それは医学とは全然違うものだけれど、「身体所見を機械に理解可能な形に翻訳する」 という工程には、少なくとも医学知識の出番はそんなに無いはず。

機械仕掛けの神様のこと

問題定義のための言語セットがその分野に実装されて、思考の全てか、 あるいはその一部を機械が手助けしてくれるようになって来ると、 今度は「専門家」というものの定義が変わってくる。

今までは、知っている人、語彙の多さが専門性を定義してきたけれど、 「何でも知っているけれど何もできない機械」が実体化するようになると、 今度は語彙をどう削り込むか、より少ない語彙でその問題を定義できることこそが 専門性を定義するようになる。

知の高速道路化。

「語彙の増やしかた」を学ぶよりは、恐らくは「語彙の削りかた」を習得するのはより簡単で、 たとえば医学なら、医学部6年を卒業するよりははるかに短い時間で、医師の真似事が できるようになる。そうなると今度は、たとえば理学部でネズミ相手に試験管振ってた人とか、 スパコン叩いて天体シミュレーション走らせてた人なんかがある日気が向いて、 ちょっと内科になってみました、なんてことが決して夢で無くなる。

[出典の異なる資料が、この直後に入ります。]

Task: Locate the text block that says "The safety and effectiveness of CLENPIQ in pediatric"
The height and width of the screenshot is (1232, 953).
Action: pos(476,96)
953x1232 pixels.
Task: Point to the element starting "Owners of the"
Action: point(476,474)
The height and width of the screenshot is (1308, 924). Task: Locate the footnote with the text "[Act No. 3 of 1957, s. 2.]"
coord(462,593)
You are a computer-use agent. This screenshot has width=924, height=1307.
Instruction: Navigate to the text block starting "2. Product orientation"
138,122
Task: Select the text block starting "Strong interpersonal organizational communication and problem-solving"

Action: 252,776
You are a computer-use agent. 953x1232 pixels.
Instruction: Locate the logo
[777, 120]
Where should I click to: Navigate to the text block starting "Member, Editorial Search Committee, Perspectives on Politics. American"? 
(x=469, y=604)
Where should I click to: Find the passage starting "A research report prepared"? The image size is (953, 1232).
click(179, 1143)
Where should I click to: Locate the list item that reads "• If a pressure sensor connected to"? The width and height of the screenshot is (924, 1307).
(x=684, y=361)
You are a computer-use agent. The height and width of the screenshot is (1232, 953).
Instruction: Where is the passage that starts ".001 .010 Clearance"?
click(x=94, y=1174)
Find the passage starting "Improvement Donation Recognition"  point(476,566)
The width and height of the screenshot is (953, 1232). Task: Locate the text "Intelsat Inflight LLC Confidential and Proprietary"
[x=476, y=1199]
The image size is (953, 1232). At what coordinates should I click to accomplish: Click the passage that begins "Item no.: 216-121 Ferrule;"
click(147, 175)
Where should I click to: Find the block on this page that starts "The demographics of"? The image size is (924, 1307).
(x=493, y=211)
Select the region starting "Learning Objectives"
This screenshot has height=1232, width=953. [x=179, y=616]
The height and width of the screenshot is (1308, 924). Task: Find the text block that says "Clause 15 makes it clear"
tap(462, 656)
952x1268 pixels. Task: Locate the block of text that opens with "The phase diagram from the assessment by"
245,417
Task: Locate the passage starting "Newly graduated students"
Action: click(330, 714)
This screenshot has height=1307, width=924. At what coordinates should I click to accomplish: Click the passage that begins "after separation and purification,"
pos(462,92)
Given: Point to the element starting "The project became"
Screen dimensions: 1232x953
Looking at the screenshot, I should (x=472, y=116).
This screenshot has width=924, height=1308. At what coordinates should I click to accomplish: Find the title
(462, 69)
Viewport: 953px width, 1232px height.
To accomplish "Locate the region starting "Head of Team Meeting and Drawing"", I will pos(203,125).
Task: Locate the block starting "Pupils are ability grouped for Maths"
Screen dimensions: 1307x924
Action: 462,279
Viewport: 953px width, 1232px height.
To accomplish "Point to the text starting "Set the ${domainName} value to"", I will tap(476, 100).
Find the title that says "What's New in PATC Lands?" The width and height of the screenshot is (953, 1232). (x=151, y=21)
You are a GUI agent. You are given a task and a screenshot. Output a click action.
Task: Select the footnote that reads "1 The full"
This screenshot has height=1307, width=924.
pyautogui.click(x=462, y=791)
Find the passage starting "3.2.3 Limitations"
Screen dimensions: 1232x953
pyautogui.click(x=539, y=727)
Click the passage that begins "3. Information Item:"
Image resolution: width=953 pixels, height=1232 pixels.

いろんな専門分野に、いろんな言語セットが実装されて、専門分野を基礎から学ぶのではなくて、 自分が今知っている語彙から、機械にとって不必要な語彙の「捨てかた」を学ぶことで専門分野を 学ぶことに代えられる時代というのは、あらゆる分野の専門領域に「高速道路」が実装されて、 最先端分野の少し手前までは、ほとんど労力無く進むことができる。

高速道路が作られても、「その道を今まで歩いて来た」という経験やら、能力といったものは、 たぶんやはり必要になってくるはず。高速道路を降りた先では、やはり足で歩かないといけないから。

機械仕掛けの神様が君臨する近未来、高速道路を降りた原野には、 同じ道を歩いてきた均一な集団があるんじゃなくて、 山で足を鍛えてきた人、トラックスポーツ一筋だった人、本業は走りじゃなくて泳ぎだったり、 格闘技だったり、いろんな「鍛えた足」がそこに集まって、いろんな方向に向かって 多様性を競う時代が来る。

自分達が職を失うリスクはもちろんあるのだろうけれど、それはきっと、 すごく面白いことなんだと思う。